Introduction to NYSE Market Internals with Cumulative TICK Analysis

Discover how to build a professional-grade cumulative TICK indicator that transforms raw market internals data into actionable trading insights for day trading success.

This comprehensive ThinkScript tutorial teaches you to:

  • Track running totals of NYSE TICK data throughout each trading session
  • Identify institutional money flow patterns using market breadth analysis
  • Time entries and exits with color-coded reversal signals
  • Combine market internals with technical analysis for high-probability setups

Perfect for day traders who want to understand what institutional money is doing before making their trading decisions.
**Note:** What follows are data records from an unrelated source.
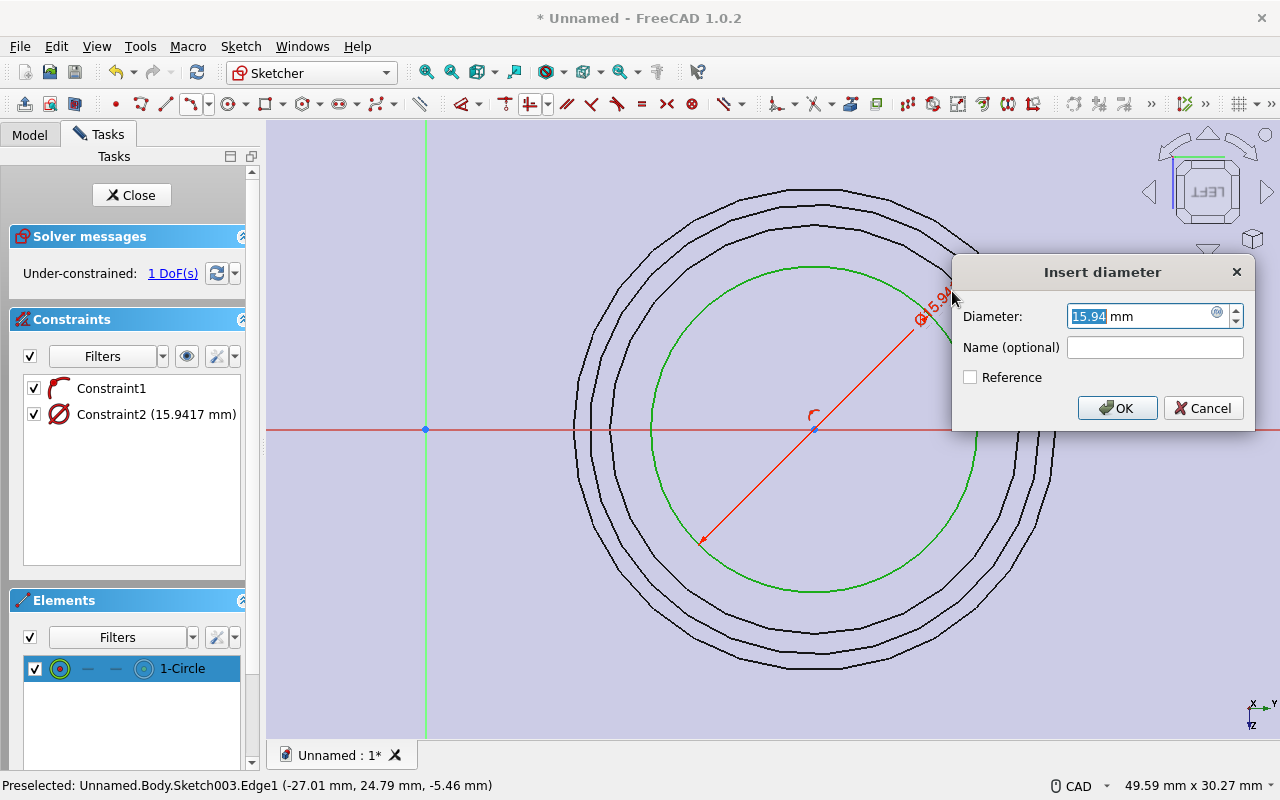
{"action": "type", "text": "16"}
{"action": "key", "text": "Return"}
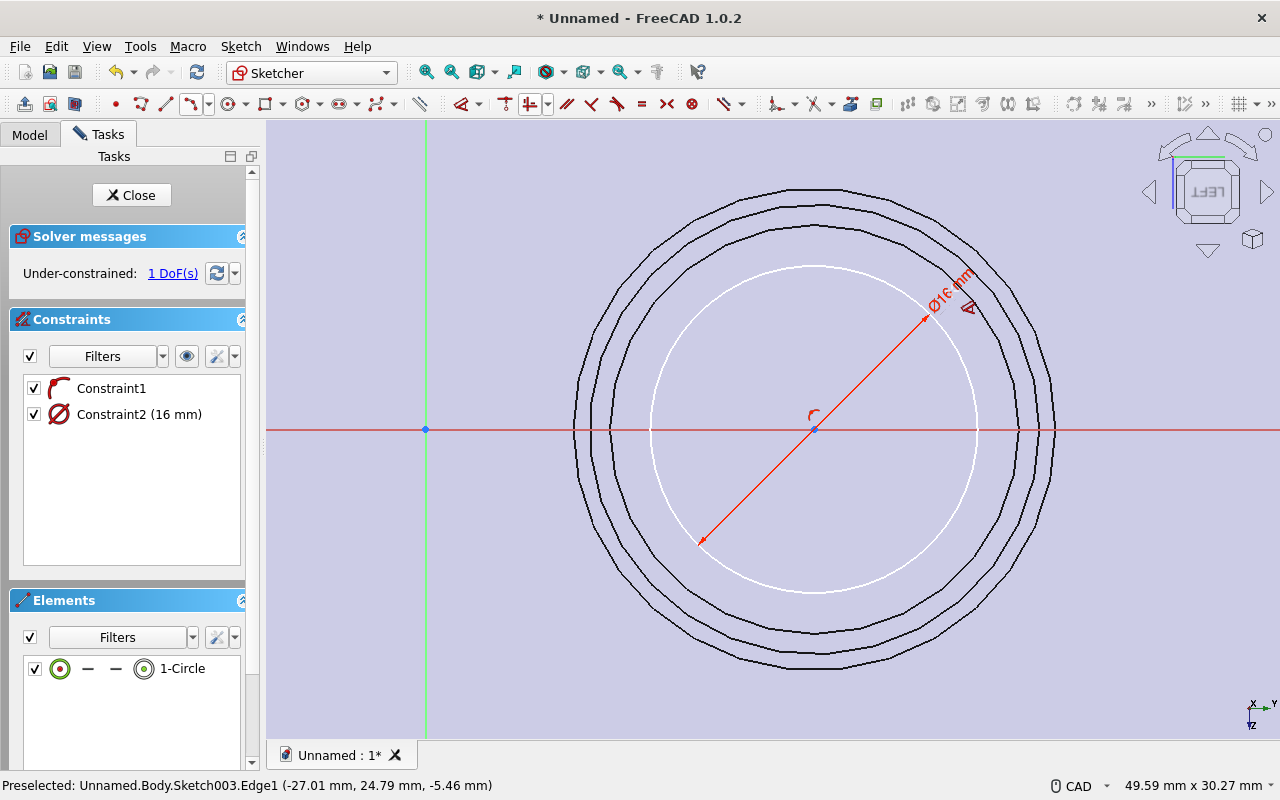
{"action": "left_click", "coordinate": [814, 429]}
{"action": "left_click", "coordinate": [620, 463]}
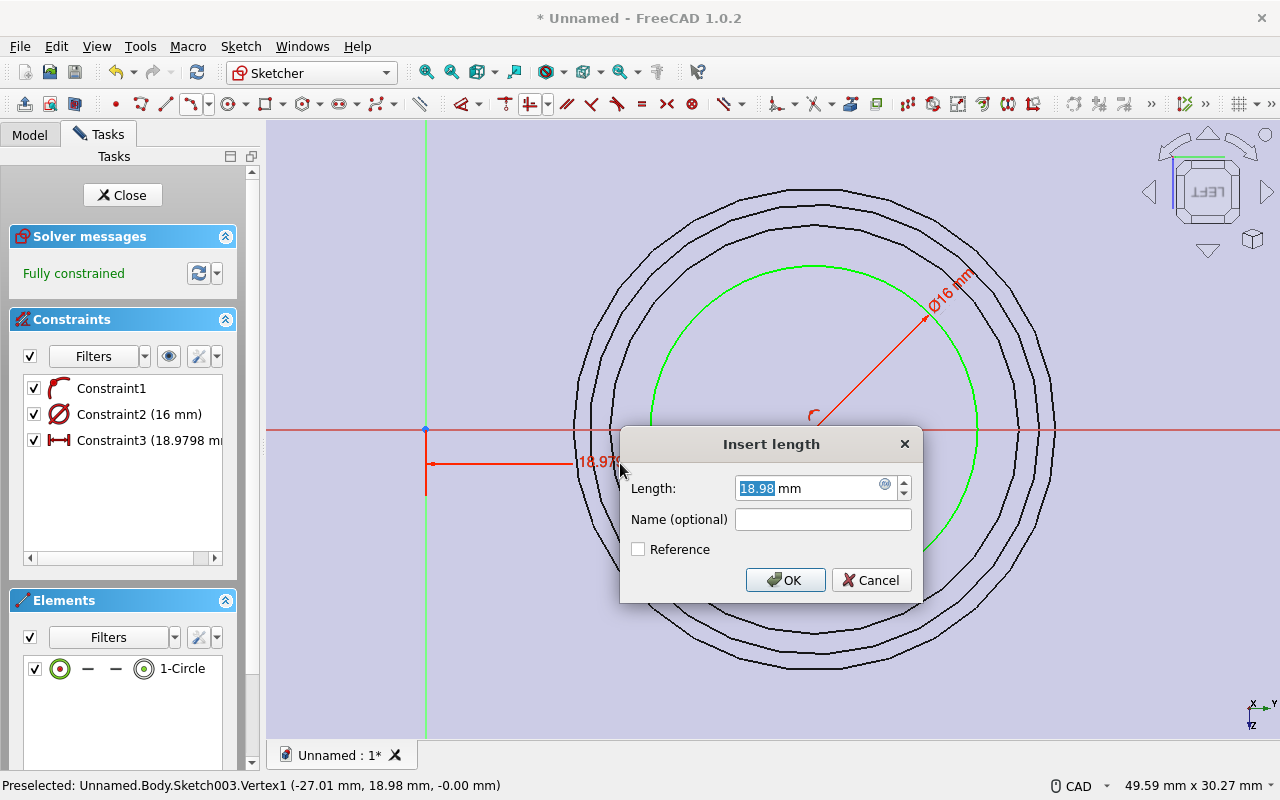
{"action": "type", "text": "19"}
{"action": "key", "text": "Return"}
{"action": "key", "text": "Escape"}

Building a Cumulative TICK Indicator for Superior Market Internals Analysis

Market internals reveal the true story behind price movements, and the cumulative TICK indicator stands as one of the most powerful tools for tracking institutional money flow throughout each trading session. Keeping track of Market Internals is often challenging and akin to counting cards during a game of Blackjack – but this indicator automates the process and transforms complex data into actionable insights.

The Cumulative TICK indicator helps us to keep track of the running total of the NYSE TICK throughout the day. Just like when using the Ten Count Card counting system in Blackjack, a running total gives the player an edge by making smart predictions about remaining cards. Similarly, with the Cumulative TICK indicator, by keeping track on an aggregate basis of the total TICKs, we can then start to make educated guesses about market direction and institutional activity.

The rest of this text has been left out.